Fifteen years ago today I was at Sizewell Hall, sitting down to a fish and chip supper, when I heard a quiet voice in my head telling me I was about to meet my husband.
I was on an away weekend with a friend who had dragged me along so that she could find a husband herself, and having recently decided I was finally ok with myself and not in any way desperate for a relationship, I was somewhat stunned when this happened. Keeping it to myself, I took a look and realised that there was only one guy on the table I was at all interested in. The chap diagonally opposite had himself been brought along by a friend. He too had recently finally decided he was ok with himself, having spent a month travelling in Australia. He introduced himself as Matthew, definitely not Matt.
The following day, after a drive in his car (he asked his friend to let me sit in the front) and a walk at Dunwich Heath where we were able to chat further and almost hold hands stumbling through the trees, we found ourselves back at Sizewell Hall playing Taboo with a number of others, realising that we were thinking along exactly the same lines and shared the same sense of humour. We found more connections as we talked and I learned that he worked at BT and had studied Engineering at Cambridge. I did an internal double-take. God must have realised that pairing me with someone who had (a) gone to Cambridge, a personal unrealised dream I’d had since I was eleven, and (b) got a degree in Engineering, a subject I worked at in industry and then for a year at university was something of a divine joke. Here was someone who epitomised my perceived failures in life. The fact I felt more comfortable with myself mattered here. I could see things in a more measured way. Having worked and studied alongside engineers for a couple of years, I had a good idea about the way these strange people think and how to relate well to them. Optimising. Worst case scenarios. Odd jokes.
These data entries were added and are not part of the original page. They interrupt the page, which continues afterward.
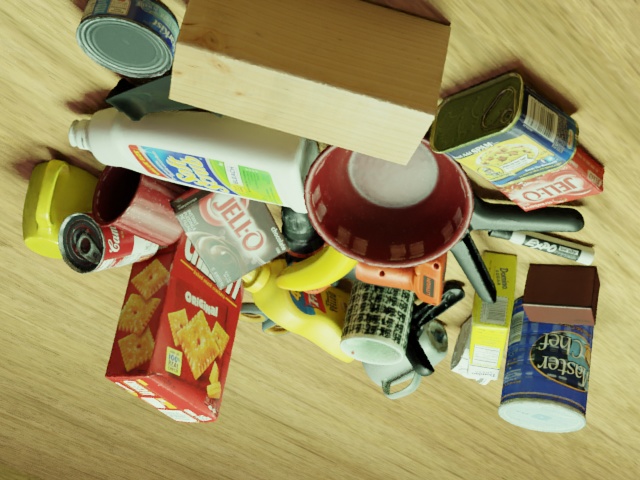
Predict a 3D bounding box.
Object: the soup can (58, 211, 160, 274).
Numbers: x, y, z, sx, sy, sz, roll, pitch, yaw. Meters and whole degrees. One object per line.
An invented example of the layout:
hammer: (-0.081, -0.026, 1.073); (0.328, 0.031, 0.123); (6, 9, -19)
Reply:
soup can: (-0.237, -0.002, 1.213); (0.069, 0.068, 0.102); (-4, -175, 32)

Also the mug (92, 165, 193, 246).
mug: (-0.180, -0.051, 1.158); (0.081, 0.093, 0.117); (26, 123, -38)

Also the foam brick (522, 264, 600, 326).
foam brick: (0.275, 0.063, 1.212); (0.078, 0.051, 0.053); (3, 154, 21)

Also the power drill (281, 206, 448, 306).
power drill: (0.050, 0.011, 1.207); (0.188, 0.057, 0.184); (9, 152, 12)

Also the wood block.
wood block: (-0.010, -0.143, 0.865); (0.206, 0.090, 0.090); (15, 155, -5)

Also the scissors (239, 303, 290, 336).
scissors: (-0.060, 0.093, 1.477); (0.096, 0.016, 0.202); (17, 155, -9)

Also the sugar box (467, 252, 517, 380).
sugar box: (0.203, 0.094, 1.263); (0.048, 0.093, 0.176); (8, 156, 12)

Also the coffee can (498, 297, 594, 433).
coffee can: (0.275, 0.149, 1.289); (0.103, 0.140, 0.103); (10, 155, 5)

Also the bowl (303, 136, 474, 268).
bowl: (0.068, -0.051, 1.024); (0.162, 0.055, 0.162); (6, 128, 7)

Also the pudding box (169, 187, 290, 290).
pudding box: (-0.096, -0.015, 1.145); (0.090, 0.039, 0.113); (-30, 126, -4)

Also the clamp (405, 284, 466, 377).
clamp: (0.118, 0.104, 1.347); (0.039, 0.120, 0.172); (38, 168, -24)

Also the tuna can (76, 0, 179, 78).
tuna can: (-0.166, -0.179, 0.928); (0.086, 0.033, 0.086); (10, 155, 5)

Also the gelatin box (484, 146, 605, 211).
gelatin box: (0.210, -0.062, 1.003); (0.089, 0.030, 0.073); (-13, 145, 44)

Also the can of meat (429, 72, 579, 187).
can of meat: (0.162, -0.093, 0.931); (0.083, 0.057, 0.102); (27, 152, -33)

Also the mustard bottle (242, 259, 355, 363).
mustard bottle: (-0.026, 0.075, 1.328); (0.191, 0.096, 0.058); (31, 125, -28)

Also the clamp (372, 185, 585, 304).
clamp: (0.151, -0.022, 1.092); (0.209, 0.036, 0.165); (31, 135, -19)

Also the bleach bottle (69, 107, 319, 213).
bleach bottle: (-0.130, -0.089, 1.072); (0.251, 0.068, 0.102); (8, 154, 14)

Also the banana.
banana: (0.009, 0.010, 1.141); (0.069, 0.037, 0.198); (34, 143, 4)

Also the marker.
marker: (0.234, 0.002, 1.141); (0.121, 0.020, 0.020); (16, 155, -6)

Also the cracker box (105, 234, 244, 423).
cracker box: (-0.167, 0.096, 1.298); (0.072, 0.213, 0.164); (-3, 151, 26)
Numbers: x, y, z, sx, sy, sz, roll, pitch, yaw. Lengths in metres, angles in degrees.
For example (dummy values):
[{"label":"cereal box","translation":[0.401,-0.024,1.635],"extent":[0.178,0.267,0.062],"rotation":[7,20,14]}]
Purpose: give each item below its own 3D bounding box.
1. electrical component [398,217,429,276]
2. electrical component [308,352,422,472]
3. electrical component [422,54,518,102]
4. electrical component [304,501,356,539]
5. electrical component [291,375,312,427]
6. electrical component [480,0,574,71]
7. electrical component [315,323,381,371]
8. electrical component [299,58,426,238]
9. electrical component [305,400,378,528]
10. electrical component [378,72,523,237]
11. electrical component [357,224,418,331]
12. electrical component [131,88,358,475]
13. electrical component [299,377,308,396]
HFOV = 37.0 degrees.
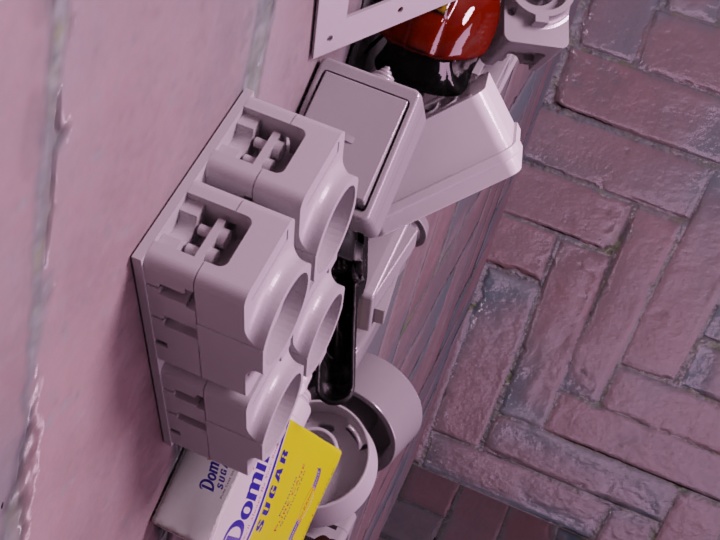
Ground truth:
[{"label":"electrical component","translation":[0.033,-0.029,0.992],"extent":[0.055,0.048,0.066],"rotation":[-53,164,-34]},{"label":"electrical component","translation":[-0.005,0.134,0.969],"extent":[0.060,0.108,0.108],"rotation":[-48,159,-48]},{"label":"electrical component","translation":[0.103,-0.188,0.971],"extent":[0.078,0.063,0.121],"rotation":[100,15,-52]},{"label":"electrical component","translation":[-0.055,0.218,0.913],"extent":[0.055,0.089,0.050],"rotation":[-54,163,-57]},{"label":"electrical component","translation":[-0.053,0.103,0.830],"extent":[0.035,0.035,0.061],"rotation":[100,13,-53]},{"label":"electrical component","translation":[0.120,-0.198,0.780],"extent":[0.056,0.050,0.089],"rotation":[147,-55,-72]},{"label":"electrical component","translation":[-0.008,0.043,0.924],"extent":[0.077,0.043,0.079],"rotation":[-59,167,-46]},{"label":"electrical component","translation":[-0.003,-0.076,0.614],"extent":[0.061,0.062,0.096],"rotation":[53,60,-80]},{"label":"electrical component","translation":[-0.035,0.156,0.874],"extent":[0.064,0.099,0.099],"rotation":[79,33,-62]},{"label":"electrical component","translation":[0.048,-0.077,0.715],"extent":[0.113,0.057,0.078],"rotation":[-25,-166,17]},{"label":"electrical component","translation":[0.000,0.000,0.814],"extent":[0.061,0.061,0.096],"rotation":[95,19,-63]},{"label":"electrical component","translation":[-0.053,0.017,0.543],"extent":[0.186,0.060,0.105],"rotation":[98,16,-56]},{"label":"electrical component","translation":[-0.053,0.048,0.676],"extent":[0.048,0.048,0.062],"rotation":[-33,137,-75]}]
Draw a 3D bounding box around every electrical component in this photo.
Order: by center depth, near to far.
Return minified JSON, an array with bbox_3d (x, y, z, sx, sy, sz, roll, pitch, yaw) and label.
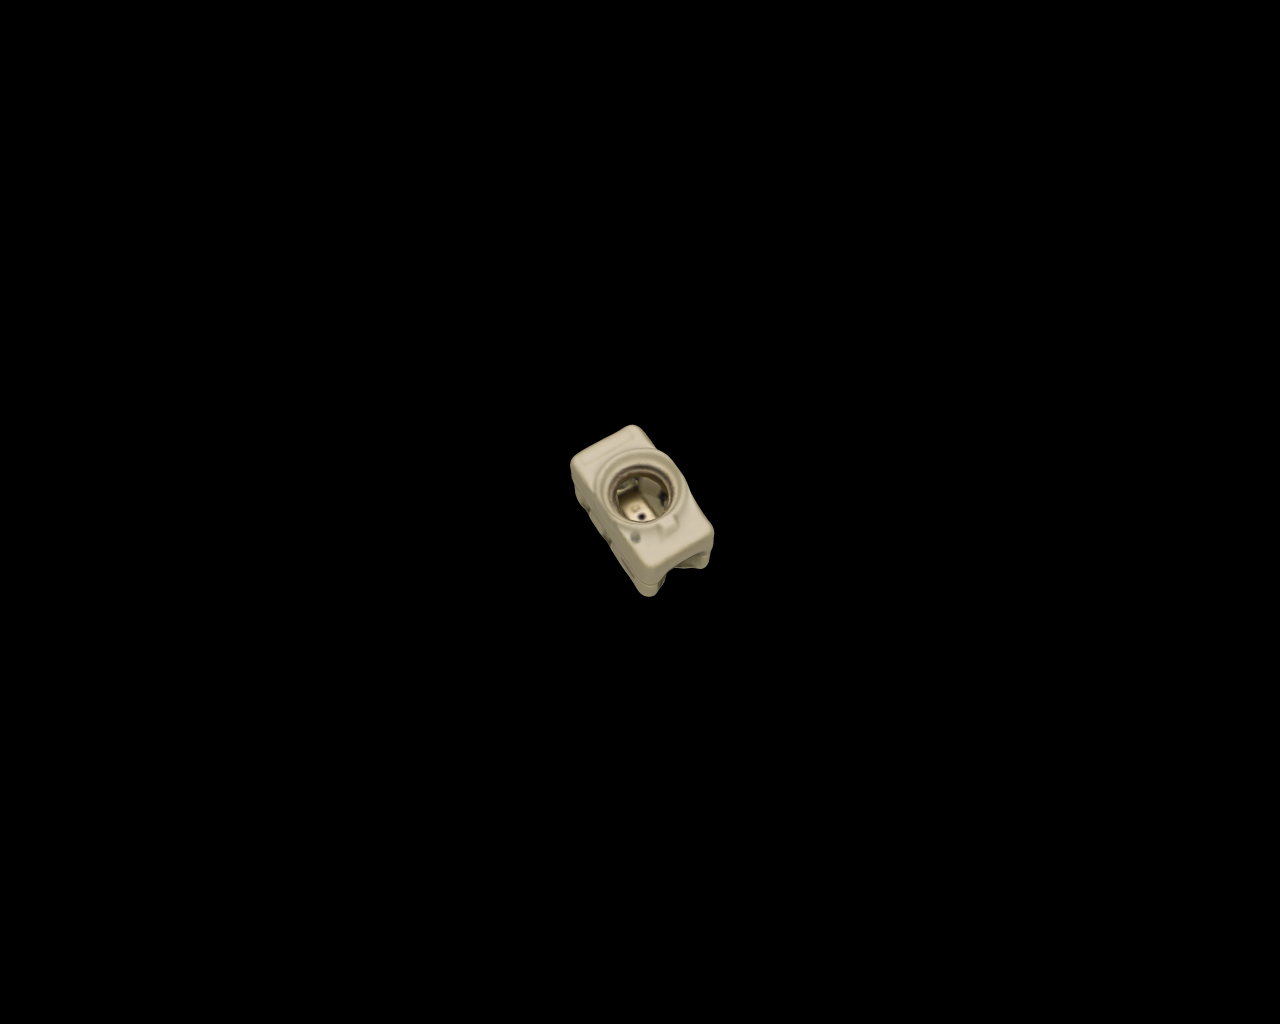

The following day, the Sunday, as we prepared to leave, I got Matthew’s number and his surname: Robinson. I remember flirting badly and then being given the third degree from my friend on the way back, who hadn’t picked up any numbers herself.
We emailed for a few weeks, started dating and Matthew visited me in Prague where I was studying part-time that February.
We were married in 2003. We’ve only been back to Dunwich once (on our twelve-and-a-halfth anniversary) but we’ve had fish and chips quite a few times since. I am constantly grateful that I’ve got Matthew and that God instigated it all. Marriage takes effort and a lot of communication and commitment, but God knew what he was doing putting the two of us together.